POOLISH:                                     
Ricorrenze 4,000 kg
Water (not cold) 3,200 kg
Strong Flour 2,000 kg
Butter 2,000 kg
Beer Yeast 0,020 kg
Tot. 11,220 kg
  
FINAL DOUGH
Poolish 11,220 kg
Ricorrenze 6,000 kg
Sugar  0,450 kg
Salt   0,080 kg
Water (not cold) 1,500 kg
Butter  1,300kg
Eggs Yolk  2,700 kg
Pecans 3,000 kg
Dark Chocolate 2,300 kg
Tot.  30,300 kg
Icing and pecans j.e.

METHOD OF USE

  • Knead the FIRST DOUGH ingredients in the evening with a SPIRAL KNEADER for 3 minutes at 1st speed and 15 minutes at 2nd speed, adding water a little at a time. (Final dough temperature approx. 25/27°C).
  • Let the FIRST DOUGH rise for 12/14 hours at about 24°C, 75% R.H. The dough should triple in volume.
  • The following morning, add to the FIRST DOUGH RICORRENZE sugar and salt and knead until the dough pulls away from the bottom; add water, egg yolk, gianduja paste and soft butter in small doses.
  • Continue mixing for 20 minutes at 2nd speed until the dough is smooth (dough temperature 26/28 °C).
  • Add the pecans (previously cut in half) and knead at 1st speed for the time needed to incorporate them.
  • 1st LEAVENING: in cell for 2.5 hours at 30°C and 80% R.H.
  • For a Panettone of 750g, break into 700 g pieces.

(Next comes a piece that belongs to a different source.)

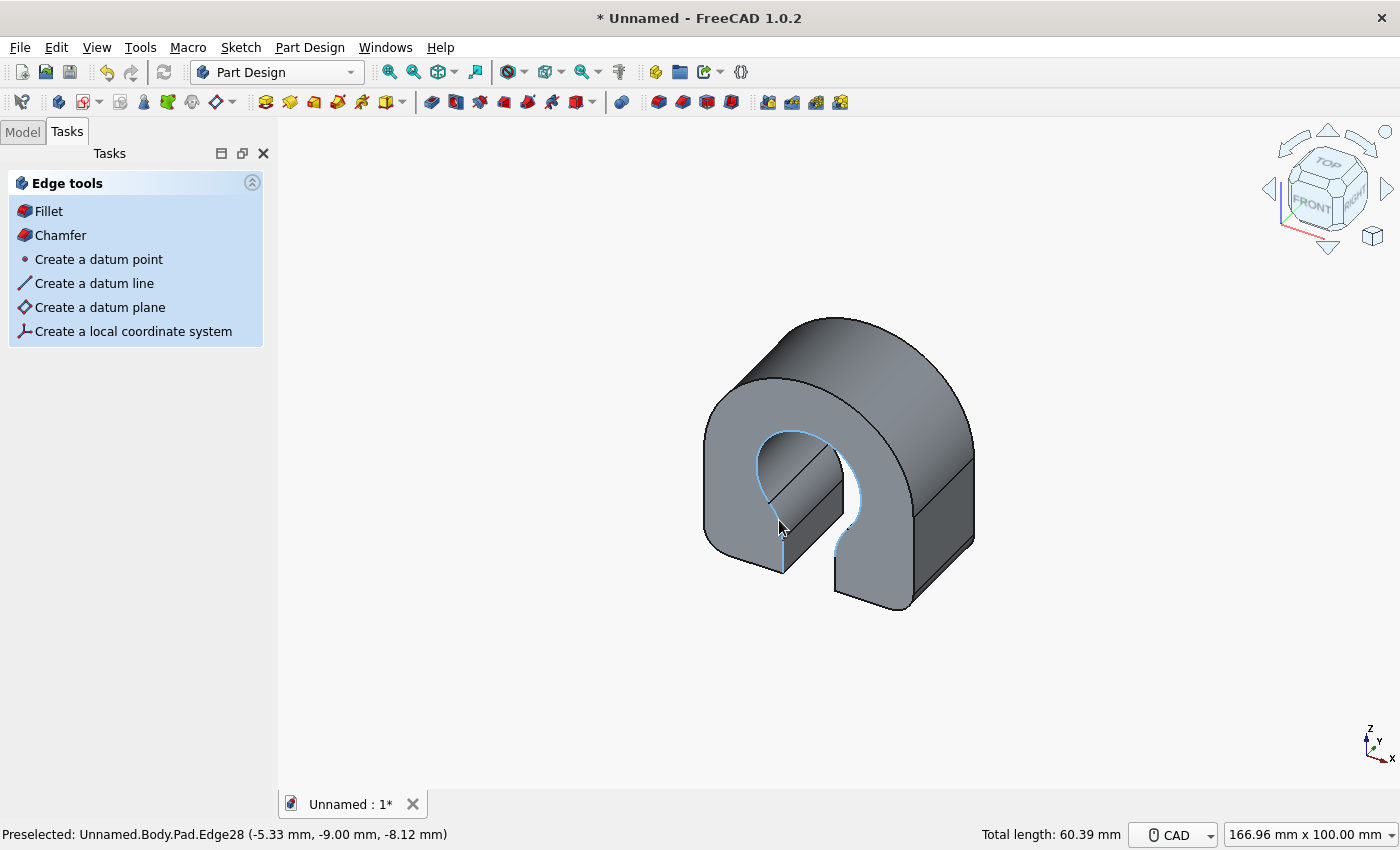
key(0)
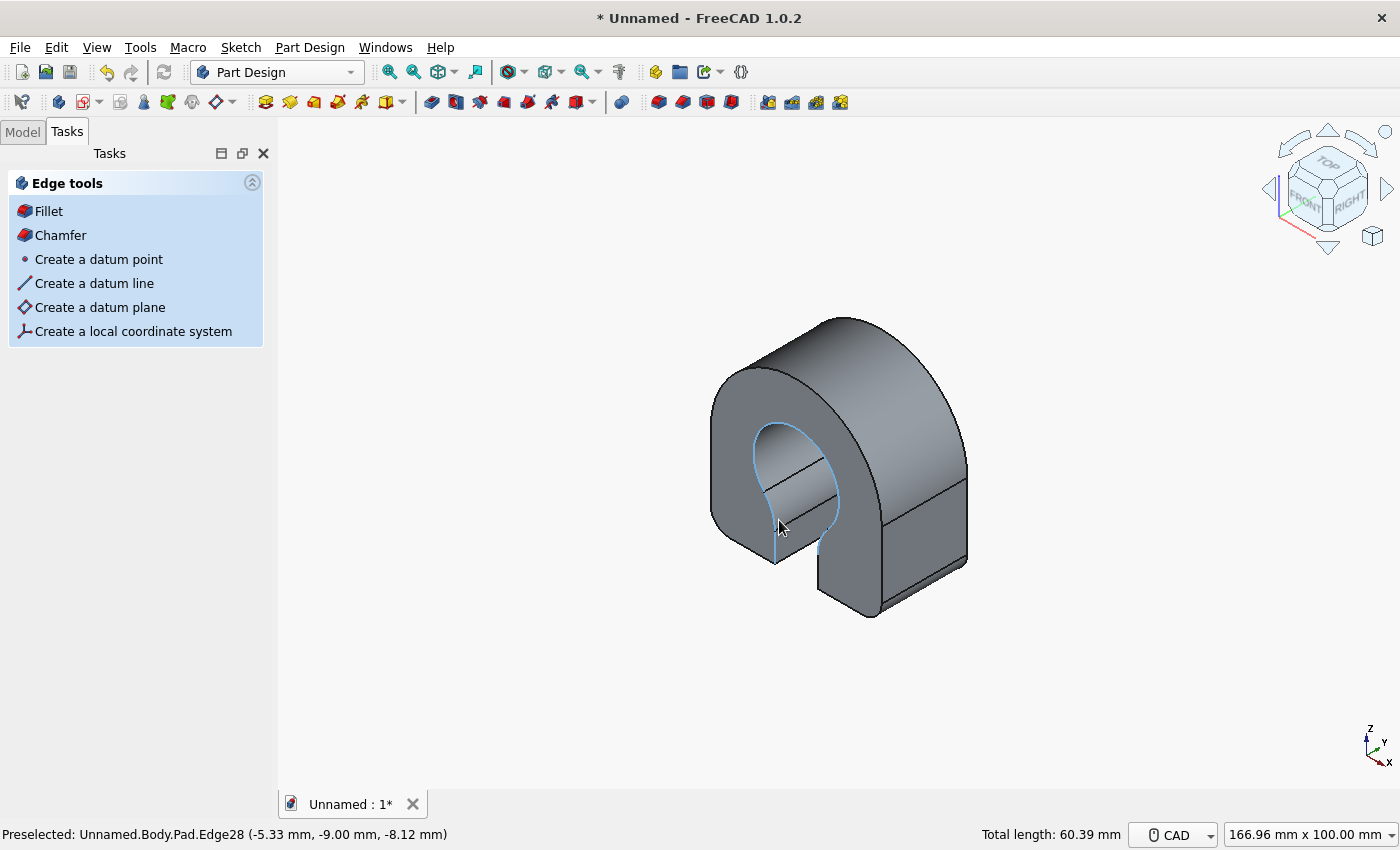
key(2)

For a Panettone of 1.000g, break into 950g pieces (about 100g of glaze will reach the final weight) and round.
  • Knead the product with butter, do not use flour.
  • Rest the dough for about 20 minutes. Round pieces again and place in ramekins.
  • FINAL LEAVENING: in cell for approx. 3-4 hours at 30°C and 80% R.H. Leavening is complete when the dough reaches the moulds.
  • Leave for 10 minutes at room temperature, cut a cross on top, decorate the surface with glaze and sprinkle with granulated sugar and whole pecans.
  • Bake at 160/170°C for 45/55 minutes. Check that the temperature has reached 94°C at the core of the product (by inserting a thermometer), otherwise continue baking.
  • Cool the Panettone upside down, using the specific needles. Wait for 12 hours before wrapping.

We suggest a flour with at least W=380 e P/L=0,5. In case of weak flour reduce the water’s quantity.
The specification includes sour yeast. The indicated dose of yeast is allowed as starter.
The specification allows to use only butter.
The specification allows to use only grade A eggs.
It is recommended to use 9×9 cubes candied fruits and rehydrate raising before its use. Insert products at the same dough’s temperature. If it is decided not to use them, the name under which they are sold must show the words “without candied fruit”.

Respects the specification of the Decree Law 22 July 2005.

With 10 kg of RICORRENZE you obtain 43 PANETTONI of 750g or 31 of 1kg.